Trail running is a tangibly growing sector of the outdoor sports world, with races and run-clubs gaining in popularity and economic power. According to a May 2025 businessresearchinsights.com article, the market for trail-running shoes alone was approximately $4.11 billion in 2024 and projects to reach roughly $8.14 billion by 2033.
Madigan, a lifelong runner whose résumé also includes founding the Broken Arrow Skyrace, along with TrailCon co-founders Dylan Bowman, CEO of Freetrail, and Douglas Emslie, 30-plus-year trail running icon, have created a gravity that’s attracted the sport’s top athletes, minds, and brands; including all three with On, the festival’s primary sponsor.
Started on a shoestring by Olivier Bernhard in the Swiss Alps in 2010 — his first prototype for a new trail running shoe was created in part by gluing together cut-up pieces of garden hose — On is a gear-and-clothing brand that has grown to be worn by over 7 million athletes in 50 countries. The company’s mission is to ignite the human spirit through movement. At TrailCon, it will globally debut its new carbon-plated Cloud Ultra Pro, a unique trail running shoe that has been in development for over 5 years.
“It’s a real validation to have On as a partner for our first real year of the event,” Madigan said, noting that the official name of the festival is TrailCon Presented by On. “You can come and demo the shoe with On athletes, including some of the Kenyans racing at Broken Arrow.”
TrailCon’s vendor village will feature more than 60 brands with product demos and immersive activations (experiences), and a TrailCon Hall of Fame will be established to honor legends of the sport. Trail runs will be held each morning on ‘the escarpment’ (Mainline Pocket on the skier’s trail map), an area made famous in the running world by Western States. Athletes and fans may hike or run up for free, or opt for a tram ride to High Camp for a birds-eye view, where there will be a beat-dropping DJ and fresh-brewed coffee.
The festival will showcase over 20 interactive panels, with titles spanning from The Rise of Athlete Representation, to The Intersection of Trail Running & the Creator Economy, to The Future of Trail Races. On Wednesday, Catalonian-born Killian Jornet, widely recognized as the greatest trail runner in the world, will record a live podcast on the Western State’s stage at 2 p.m. As with all events at TrailCon, the recording is open to the public. Happy hours will also be held.

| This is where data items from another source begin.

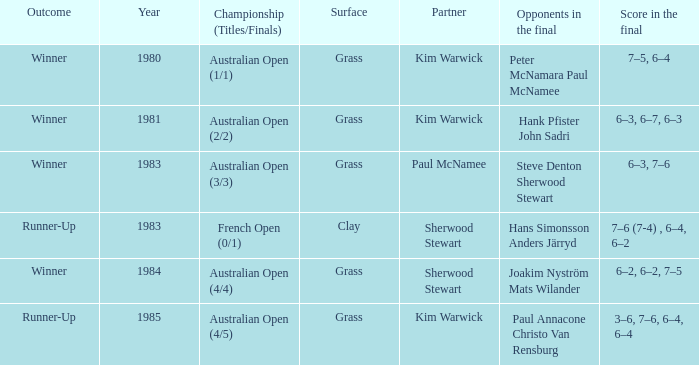In 1981, what competition was played? Australian Open (2/2). 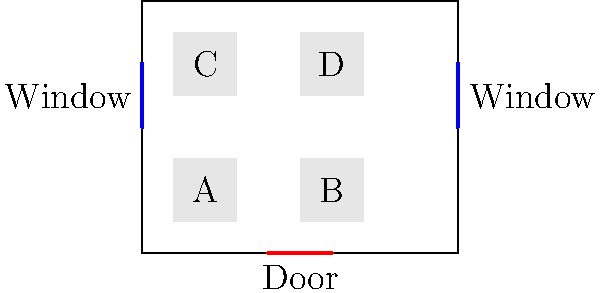Given the office layout shown above, which desk arrangement would be most ergonomically efficient for workers, considering natural light exposure, ease of movement, and proximity to the door? Justify your answer based on ergonomic principles and worker well-being. To determine the most ergonomically efficient desk arrangement, we need to consider several factors:

1. Natural light exposure: Natural light is essential for worker well-being and productivity. Desks near windows (A and C) have better access to natural light.

2. Ease of movement: Workers should have enough space to move around comfortably. The current arrangement allows for adequate movement between desks.

3. Proximity to the door: Easy access to exits is important for safety and convenience. Desks B and D are closer to the door.

4. Visual comfort: Workers should not face directly into windows to avoid glare. Desks A and C should be oriented perpendicular to the windows.

5. Collaborative spaces: The current arrangement allows for potential collaboration between desk pairs (A-B and C-D).

Considering these factors, the most ergonomically efficient arrangement would be:

- Keep desks A and C near the windows but rotate them 90 degrees to face the center of the room. This provides natural light without direct glare.
- Keep desks B and D in their current positions for easy access to the door.
- Ensure all desks have ergonomic chairs and proper equipment placement (monitors at eye level, keyboards at elbow height).

This arrangement maximizes natural light exposure, maintains ease of movement, provides quick access to the exit, and allows for collaboration while minimizing potential discomfort from glare.
Answer: Rotate desks A and C 90 degrees, facing room center; keep B and D as is.

“There is something for everybody at the festival,” Madigan said, “even for non-runners. Tahoe is full of athletes, and at the end of the day all our sports have a common thread — the mountains, protecting sacred places, challenging ourselves physically. Really, there is something to be learned for everybody who wants to attend, from nutrition tips to public land issues.”
The festival is free to attend, be it one panel or the entire two-day’s worth of events. The only requisite is to pre-register at trailconference.com.

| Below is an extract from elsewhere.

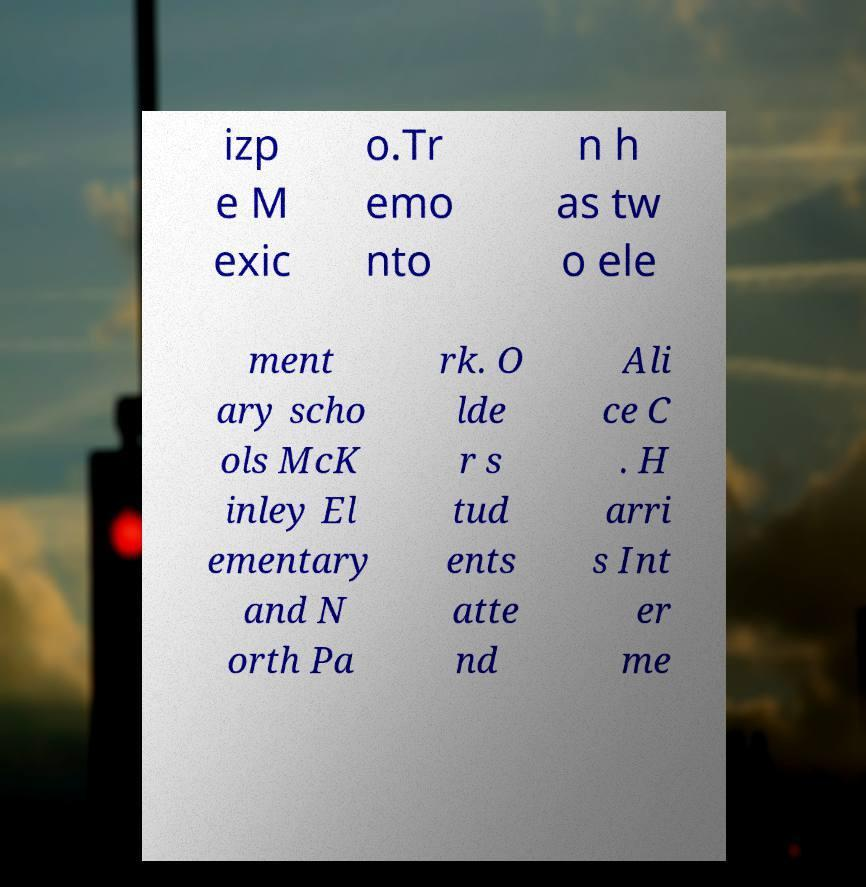Can you accurately transcribe the text from the provided image for me? izp e M exic o.Tr emo nto n h as tw o ele ment ary scho ols McK inley El ementary and N orth Pa rk. O lde r s tud ents atte nd Ali ce C . H arri s Int er me

In some ways, trail running in the Western World began with Pheidippides in 490 B.C., who, according to lore, ran the roughly 26.2 miles home from the battle of Marathon to inform Athens of its underdog victory against the invading Persian army. Though Pheidippides reportedly died from exhaustion directly after giving the news, trail running has lived on — and the center of its universe may be even further cemented in Olympic Valley with the rise of TrailCon.